Return exactly the lines of the entries, from the one with "text It is interesting" to the last.

═══ Task inputs

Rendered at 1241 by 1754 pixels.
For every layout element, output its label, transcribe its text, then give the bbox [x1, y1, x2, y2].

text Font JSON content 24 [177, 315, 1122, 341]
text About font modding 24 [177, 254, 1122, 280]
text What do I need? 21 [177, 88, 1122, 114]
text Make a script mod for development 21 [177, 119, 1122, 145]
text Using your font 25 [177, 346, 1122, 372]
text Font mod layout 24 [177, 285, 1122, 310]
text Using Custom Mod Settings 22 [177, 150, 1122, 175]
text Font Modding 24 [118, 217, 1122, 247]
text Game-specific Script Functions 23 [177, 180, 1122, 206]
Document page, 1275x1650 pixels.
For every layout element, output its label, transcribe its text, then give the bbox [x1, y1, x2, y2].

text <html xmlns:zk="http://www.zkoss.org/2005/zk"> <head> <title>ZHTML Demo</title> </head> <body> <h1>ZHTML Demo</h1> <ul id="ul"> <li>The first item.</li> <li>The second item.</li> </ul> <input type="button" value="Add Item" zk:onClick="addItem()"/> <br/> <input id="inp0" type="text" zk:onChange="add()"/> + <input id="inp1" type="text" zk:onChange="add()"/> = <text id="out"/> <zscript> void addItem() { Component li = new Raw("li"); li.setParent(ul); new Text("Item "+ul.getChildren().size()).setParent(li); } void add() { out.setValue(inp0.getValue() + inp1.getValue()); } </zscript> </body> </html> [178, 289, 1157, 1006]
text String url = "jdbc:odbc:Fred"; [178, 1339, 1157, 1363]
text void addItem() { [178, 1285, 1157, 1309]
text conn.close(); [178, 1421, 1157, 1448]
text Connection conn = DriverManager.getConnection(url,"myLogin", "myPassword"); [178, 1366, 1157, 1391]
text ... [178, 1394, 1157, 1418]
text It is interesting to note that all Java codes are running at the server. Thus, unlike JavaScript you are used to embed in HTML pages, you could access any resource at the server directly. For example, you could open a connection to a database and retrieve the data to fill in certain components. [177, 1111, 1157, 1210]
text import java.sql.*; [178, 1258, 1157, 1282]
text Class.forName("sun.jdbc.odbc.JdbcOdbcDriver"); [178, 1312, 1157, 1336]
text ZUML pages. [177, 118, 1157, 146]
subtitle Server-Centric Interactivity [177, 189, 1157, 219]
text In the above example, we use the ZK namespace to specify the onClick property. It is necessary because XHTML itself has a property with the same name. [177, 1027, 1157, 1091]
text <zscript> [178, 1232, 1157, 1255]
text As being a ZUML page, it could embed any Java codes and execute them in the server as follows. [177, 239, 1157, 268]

══════

▸ Exercise output:
text It is interesting to note that all Java codes are running at the server. Thus, unlike JavaScript you are used to embed in HTML pages, you could access any resource at the server directly. For example, you could open a connection to a database and retrieve the data to fill in certain components. [177, 1111, 1157, 1210]
text import java.sql.*; [178, 1258, 1157, 1282]
text Class.forName("sun.jdbc.odbc.JdbcOdbcDriver"); [178, 1312, 1157, 1336]
text ZUML pages. [177, 118, 1157, 146]
subtitle Server-Centric Interactivity [177, 189, 1157, 219]
text In the above example, we use the ZK namespace to specify the onClick property. It is necessary because XHTML itself has a property with the same name. [177, 1027, 1157, 1091]
text <zscript> [178, 1232, 1157, 1255]
text As being a ZUML page, it could embed any Java codes and execute them in the server as follows. [177, 239, 1157, 268]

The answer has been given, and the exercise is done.